(Saved entries)
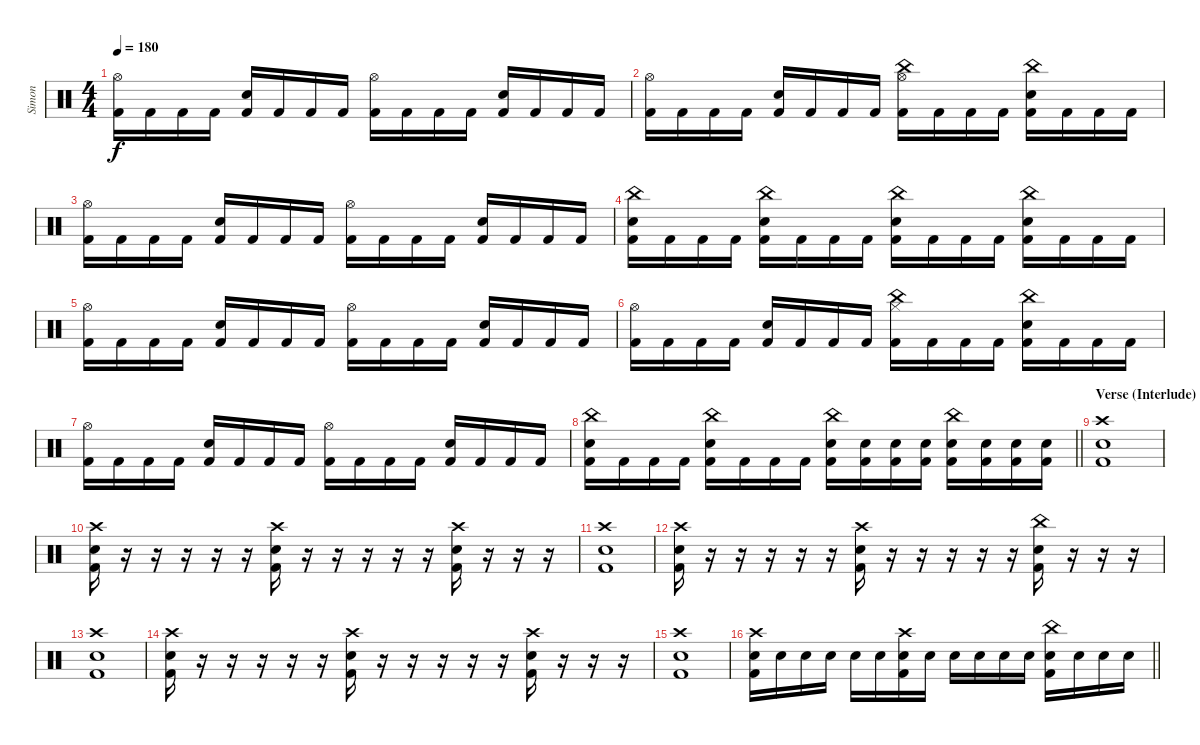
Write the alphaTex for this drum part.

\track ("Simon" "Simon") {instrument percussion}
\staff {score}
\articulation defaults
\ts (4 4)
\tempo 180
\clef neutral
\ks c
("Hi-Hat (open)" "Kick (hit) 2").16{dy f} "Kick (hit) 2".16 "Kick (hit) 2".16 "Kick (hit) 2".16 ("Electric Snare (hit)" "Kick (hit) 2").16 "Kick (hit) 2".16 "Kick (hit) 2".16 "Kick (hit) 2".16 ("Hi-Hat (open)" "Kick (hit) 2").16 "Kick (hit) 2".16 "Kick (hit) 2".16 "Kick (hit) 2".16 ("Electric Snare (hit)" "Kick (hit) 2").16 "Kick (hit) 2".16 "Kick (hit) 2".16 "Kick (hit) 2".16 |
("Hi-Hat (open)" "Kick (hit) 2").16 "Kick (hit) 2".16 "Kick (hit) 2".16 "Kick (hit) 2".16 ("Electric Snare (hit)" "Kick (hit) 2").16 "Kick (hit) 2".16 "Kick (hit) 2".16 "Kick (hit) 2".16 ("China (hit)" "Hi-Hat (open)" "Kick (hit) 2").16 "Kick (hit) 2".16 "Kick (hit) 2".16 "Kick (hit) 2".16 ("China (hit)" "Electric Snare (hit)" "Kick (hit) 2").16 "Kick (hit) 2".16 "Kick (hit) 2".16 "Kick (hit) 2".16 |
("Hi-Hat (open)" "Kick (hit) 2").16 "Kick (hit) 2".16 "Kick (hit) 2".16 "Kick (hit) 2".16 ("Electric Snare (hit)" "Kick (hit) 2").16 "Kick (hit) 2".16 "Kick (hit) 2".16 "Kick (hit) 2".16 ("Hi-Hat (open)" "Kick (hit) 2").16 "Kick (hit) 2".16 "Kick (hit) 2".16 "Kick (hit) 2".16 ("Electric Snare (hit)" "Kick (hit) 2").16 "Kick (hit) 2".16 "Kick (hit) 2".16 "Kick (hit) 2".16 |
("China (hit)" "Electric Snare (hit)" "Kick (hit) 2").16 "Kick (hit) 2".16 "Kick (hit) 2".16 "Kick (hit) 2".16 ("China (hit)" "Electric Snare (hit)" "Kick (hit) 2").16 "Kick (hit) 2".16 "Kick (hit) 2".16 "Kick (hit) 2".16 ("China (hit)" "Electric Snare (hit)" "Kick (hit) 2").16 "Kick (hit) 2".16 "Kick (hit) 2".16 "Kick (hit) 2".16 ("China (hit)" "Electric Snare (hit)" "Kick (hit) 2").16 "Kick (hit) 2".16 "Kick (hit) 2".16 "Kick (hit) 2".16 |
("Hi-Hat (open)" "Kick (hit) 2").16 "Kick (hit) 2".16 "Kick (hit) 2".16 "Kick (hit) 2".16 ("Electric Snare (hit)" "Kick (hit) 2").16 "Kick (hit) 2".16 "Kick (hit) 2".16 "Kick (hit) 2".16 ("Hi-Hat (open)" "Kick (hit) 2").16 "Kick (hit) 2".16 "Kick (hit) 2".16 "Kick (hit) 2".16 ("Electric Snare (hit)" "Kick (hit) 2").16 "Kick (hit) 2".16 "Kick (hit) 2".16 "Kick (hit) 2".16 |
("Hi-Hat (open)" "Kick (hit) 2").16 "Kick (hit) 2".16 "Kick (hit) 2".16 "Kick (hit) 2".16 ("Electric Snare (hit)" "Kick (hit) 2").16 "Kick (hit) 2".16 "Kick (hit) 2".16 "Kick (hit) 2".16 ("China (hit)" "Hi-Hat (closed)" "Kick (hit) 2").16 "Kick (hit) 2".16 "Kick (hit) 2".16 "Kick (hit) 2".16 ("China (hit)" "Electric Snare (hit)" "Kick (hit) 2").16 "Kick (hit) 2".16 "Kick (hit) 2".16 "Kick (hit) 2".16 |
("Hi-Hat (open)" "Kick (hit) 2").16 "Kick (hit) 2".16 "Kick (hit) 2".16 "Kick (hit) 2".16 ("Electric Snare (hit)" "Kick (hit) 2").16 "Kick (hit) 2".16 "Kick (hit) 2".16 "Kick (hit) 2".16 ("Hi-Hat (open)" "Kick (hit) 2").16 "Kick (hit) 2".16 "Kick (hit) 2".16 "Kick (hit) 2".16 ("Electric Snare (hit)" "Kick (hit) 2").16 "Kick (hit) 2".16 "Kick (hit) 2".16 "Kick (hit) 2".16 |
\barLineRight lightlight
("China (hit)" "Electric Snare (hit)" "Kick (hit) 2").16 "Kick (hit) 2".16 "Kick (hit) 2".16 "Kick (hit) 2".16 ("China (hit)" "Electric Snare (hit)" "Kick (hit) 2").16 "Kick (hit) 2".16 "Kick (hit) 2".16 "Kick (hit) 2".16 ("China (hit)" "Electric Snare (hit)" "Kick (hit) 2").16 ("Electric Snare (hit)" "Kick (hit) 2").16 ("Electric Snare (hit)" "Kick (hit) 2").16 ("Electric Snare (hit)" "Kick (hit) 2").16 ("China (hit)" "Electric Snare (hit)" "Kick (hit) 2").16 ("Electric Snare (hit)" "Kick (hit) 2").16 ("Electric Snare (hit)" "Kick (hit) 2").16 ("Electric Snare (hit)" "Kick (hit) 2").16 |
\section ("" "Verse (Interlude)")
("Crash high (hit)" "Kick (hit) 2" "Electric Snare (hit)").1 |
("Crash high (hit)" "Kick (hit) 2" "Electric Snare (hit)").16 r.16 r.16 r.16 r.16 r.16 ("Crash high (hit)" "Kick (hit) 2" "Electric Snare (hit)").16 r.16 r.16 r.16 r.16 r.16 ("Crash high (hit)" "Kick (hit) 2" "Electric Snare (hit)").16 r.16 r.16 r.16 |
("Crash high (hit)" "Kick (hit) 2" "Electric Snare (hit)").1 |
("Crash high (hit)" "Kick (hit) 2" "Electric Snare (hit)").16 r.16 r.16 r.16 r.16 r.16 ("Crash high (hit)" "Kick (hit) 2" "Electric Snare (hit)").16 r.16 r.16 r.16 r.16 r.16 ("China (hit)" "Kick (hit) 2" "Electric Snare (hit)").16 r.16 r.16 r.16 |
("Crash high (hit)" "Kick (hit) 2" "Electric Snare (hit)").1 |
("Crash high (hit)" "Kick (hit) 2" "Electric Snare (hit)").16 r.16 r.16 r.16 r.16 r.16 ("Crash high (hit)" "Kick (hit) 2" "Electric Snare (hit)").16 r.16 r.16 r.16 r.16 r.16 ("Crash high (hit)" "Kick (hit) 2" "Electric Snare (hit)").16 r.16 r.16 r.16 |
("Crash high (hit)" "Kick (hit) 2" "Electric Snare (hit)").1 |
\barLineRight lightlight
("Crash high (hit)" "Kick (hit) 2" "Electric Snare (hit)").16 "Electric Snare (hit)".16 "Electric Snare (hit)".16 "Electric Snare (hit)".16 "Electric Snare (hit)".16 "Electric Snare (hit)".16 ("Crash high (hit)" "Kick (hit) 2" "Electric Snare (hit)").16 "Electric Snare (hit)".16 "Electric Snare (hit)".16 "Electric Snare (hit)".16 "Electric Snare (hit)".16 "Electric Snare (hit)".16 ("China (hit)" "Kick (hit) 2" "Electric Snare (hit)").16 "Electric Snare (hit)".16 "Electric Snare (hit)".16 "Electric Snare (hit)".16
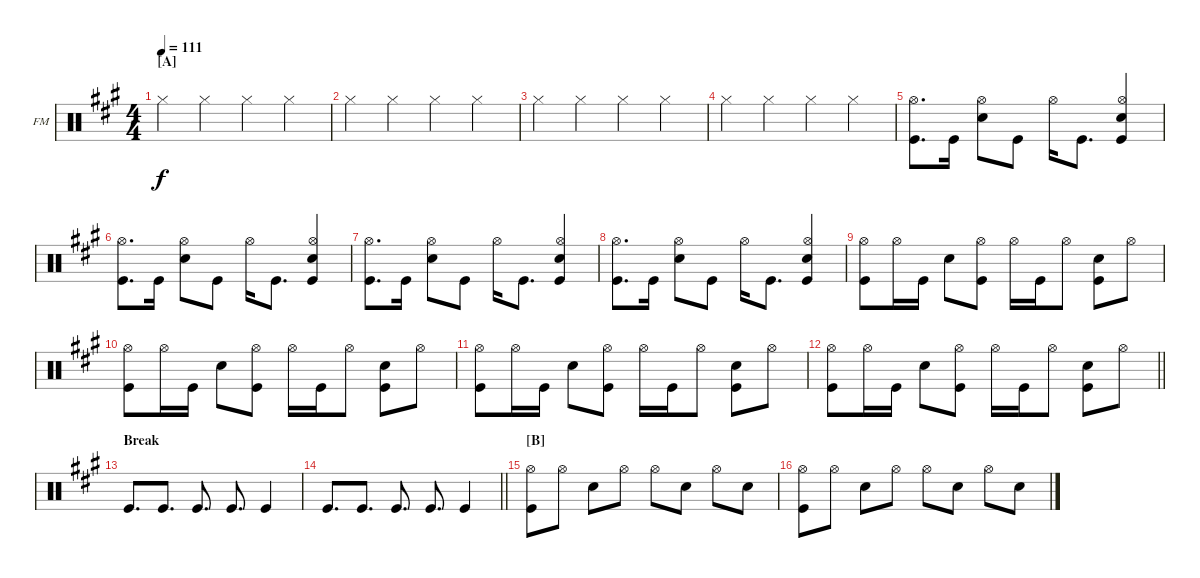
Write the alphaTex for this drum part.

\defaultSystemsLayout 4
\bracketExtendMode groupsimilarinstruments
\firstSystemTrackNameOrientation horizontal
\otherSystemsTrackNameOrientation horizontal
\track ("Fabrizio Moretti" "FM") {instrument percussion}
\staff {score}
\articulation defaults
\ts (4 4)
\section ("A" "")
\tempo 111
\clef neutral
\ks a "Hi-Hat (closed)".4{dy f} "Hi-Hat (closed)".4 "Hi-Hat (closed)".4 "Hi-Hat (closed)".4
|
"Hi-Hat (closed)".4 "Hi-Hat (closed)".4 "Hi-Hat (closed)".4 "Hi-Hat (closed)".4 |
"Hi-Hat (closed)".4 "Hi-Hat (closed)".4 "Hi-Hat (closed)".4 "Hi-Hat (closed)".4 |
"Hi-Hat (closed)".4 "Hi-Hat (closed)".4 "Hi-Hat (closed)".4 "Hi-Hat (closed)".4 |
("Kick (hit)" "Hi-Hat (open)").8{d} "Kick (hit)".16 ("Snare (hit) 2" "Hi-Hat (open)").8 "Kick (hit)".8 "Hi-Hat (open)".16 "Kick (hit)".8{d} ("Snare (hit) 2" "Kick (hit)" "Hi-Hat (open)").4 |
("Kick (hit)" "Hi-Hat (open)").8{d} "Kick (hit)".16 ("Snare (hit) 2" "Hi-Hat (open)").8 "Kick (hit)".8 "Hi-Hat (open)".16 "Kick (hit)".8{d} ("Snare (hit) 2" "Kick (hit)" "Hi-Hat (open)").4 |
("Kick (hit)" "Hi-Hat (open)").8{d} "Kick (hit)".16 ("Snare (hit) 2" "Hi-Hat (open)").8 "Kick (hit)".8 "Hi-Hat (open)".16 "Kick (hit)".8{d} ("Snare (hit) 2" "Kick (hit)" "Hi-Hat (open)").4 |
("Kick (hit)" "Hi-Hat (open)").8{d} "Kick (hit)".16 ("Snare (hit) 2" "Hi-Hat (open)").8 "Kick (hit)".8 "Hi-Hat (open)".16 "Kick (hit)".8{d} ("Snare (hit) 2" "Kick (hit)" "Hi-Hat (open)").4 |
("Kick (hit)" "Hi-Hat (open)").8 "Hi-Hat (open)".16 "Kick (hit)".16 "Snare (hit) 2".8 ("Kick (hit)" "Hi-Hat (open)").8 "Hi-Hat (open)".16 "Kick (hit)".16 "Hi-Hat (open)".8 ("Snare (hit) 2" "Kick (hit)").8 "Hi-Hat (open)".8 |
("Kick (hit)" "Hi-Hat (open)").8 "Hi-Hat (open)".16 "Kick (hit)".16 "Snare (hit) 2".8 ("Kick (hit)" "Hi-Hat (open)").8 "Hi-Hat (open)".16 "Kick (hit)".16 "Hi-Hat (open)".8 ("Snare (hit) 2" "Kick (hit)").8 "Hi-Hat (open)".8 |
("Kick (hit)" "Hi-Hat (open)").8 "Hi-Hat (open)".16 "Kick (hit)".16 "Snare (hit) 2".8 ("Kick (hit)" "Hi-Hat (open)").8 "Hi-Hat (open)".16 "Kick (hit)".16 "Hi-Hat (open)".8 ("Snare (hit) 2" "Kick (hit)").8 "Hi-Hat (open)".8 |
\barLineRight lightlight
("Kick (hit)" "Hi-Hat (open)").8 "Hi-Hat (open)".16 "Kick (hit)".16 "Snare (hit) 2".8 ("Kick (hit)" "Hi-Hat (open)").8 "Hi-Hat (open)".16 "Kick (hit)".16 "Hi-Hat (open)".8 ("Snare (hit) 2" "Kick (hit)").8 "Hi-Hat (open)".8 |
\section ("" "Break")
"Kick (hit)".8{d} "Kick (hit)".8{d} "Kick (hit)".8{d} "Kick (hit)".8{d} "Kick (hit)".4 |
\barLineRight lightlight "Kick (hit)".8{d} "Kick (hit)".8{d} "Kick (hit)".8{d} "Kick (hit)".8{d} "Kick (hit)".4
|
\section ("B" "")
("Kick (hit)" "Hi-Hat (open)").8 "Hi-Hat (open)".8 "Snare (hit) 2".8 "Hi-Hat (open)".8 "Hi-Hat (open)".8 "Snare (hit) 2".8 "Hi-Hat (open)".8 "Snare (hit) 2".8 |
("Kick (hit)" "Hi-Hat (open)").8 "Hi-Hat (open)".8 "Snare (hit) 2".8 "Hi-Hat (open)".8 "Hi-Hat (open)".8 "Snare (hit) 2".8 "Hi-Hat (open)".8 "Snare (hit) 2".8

**What is being asked:** Find how many lines above include "horizontal", then write only that count.

**Exercise output:** 2